Well I'm trying to flush mount a friends Panny unit in his Mitusbishi Montero Dash.. 

Problems:

1. dash tappers at bottom 
2. the factory mount kit is currently in use as I can not find a DD kit for his truck. ( factory had Din + small din glovebox )

I want to flush his headunit in the dash and make it look normal. At the moment I can not find any mounting holes on the Panny that will allow me sink it down in the dash.

Any ideas would be great. As you can see the brackets mount on the side on the HU and then side down on a bar on each side of the dash for extra support.
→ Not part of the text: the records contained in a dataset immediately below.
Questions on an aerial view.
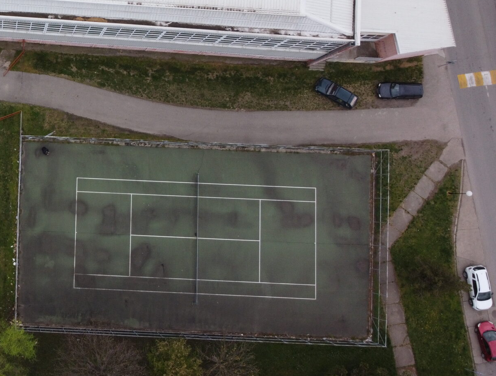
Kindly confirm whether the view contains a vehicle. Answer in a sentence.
Yes, a vehicle is visible in the scene.
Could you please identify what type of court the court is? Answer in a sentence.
The court appears to be a tennis court.
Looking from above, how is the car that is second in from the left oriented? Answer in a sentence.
The car that is second in from the left is oriented from side to side.
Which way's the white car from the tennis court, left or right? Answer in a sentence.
To the right of the tennis court is where the white car appears.
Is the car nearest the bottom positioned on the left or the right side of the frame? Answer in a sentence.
The car nearest the bottom is on the right side of the image.
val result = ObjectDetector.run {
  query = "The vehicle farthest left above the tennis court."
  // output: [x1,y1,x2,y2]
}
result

At the moment I'm thinking of making different brackets similar to factory ones but that's much time consuming. 









*
You can see the bar on the left side down in the dash that's what the bracket slides down.*


----------



## DAT (Oct 8, 2006)




----------



## ween (Mar 12, 2009)

hi,
drill new holes in the side brackets. mount the radio in the existing holes in the brackets, then in the dash...like the last pic in the first post shows. measure with a ruler how far back the radio needs to be at the top and bottom (for your idea of flush)...appears to be different, sticking further out at the bottom. locate holes further back on the factory brackets the appropriate distances. you may want to make the holes a size or two larger to allow for slight adjustments, a step drill works well for that. you may also need different hardware, pan head screw with larger head, M5 thread. don't go too long with thread length/depth, should be marked on radio chassis. also if you can find internal/external thread lock washers, use at least four of them...two per side. they'll help locate the unit squarely in the dash. as for trimming off the radio itself, a visit to a stereo shop should be able to get you a double din bezel from an aftermarket radio, or installation accessories company, if you don't already have one.
m


----------



## DT053 (Mar 23, 2007)

Hey Dave,

here's a couple of links that might help. Although these may be a little extreme, it should give you a lot of pointers. If I can help let me know.

dT

How-To: Recessed Screen and DVD Drive - MP3Car.com

HOWTO: Building a removable LCD screen bezel and mount - MP3Car.com

Both came from this page.

http://www.mp3car.com/vbulletin/fabrication/


----------